Popper zitiert Hegels Bemerkung in englischer Übersetzung und glossiert sie dann wie folgt: 'Hegel behauptet, dass alles, was vernünftig ist, wirklich sein muss, und alles, was wirklich ist, muss vernünftig sein'. So behauptet Hegel, dass "alles, was jetzt real oder tatsächlich ist, notwendigerweise existiert und sowohl vernünftig als auch gut sein muss". (Besonders gut ist ... der bestehende preußische Staat)' (Popper(2)).
Der preußische Staat zu Hegels Zeit war ein autoritärer Polizeistaat, der Zensur, willkürliche Verhaftungen und Inhaftierungen ohne ordentliches Gerichtsverfahren praktizierte.
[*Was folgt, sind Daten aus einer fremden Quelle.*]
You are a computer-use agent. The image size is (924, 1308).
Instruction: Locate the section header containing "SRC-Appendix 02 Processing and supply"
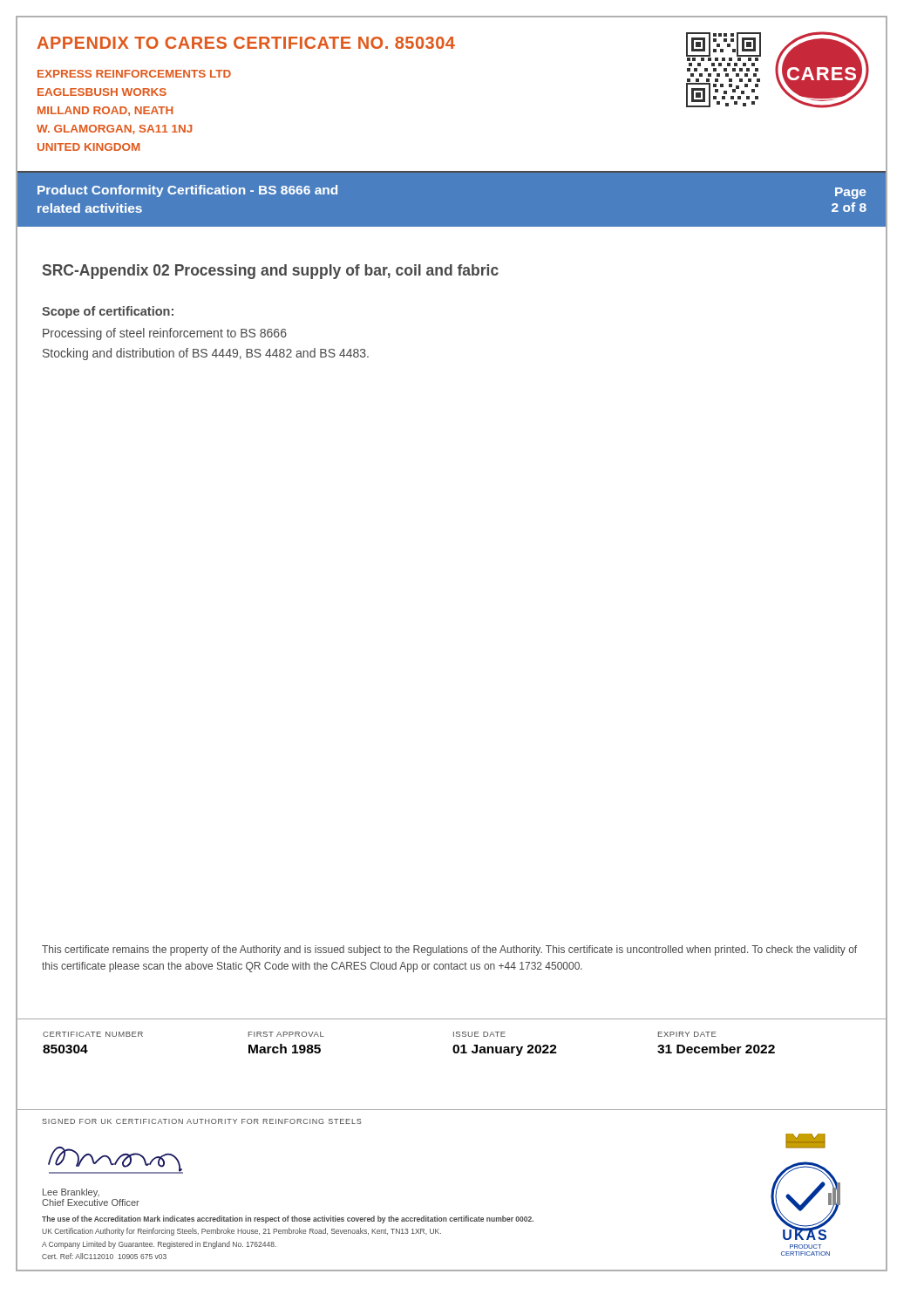[x=270, y=270]

Dieser Staat war real; daher war dieser Staat nach Hegels Ansicht rational oder vernünftig und damit gut. Auf diese Weise, so Popper, habe Hegel dem preußischen Prototyp des modernen totalitären Staates seinen philosophischen Segen gegeben, und so müsse man ihn selbst als "totalitären" Denker und Apologeten bezeichnen. Hegel ist, kurz gesagt, ein "Feind" der "offenen Gesellschaft".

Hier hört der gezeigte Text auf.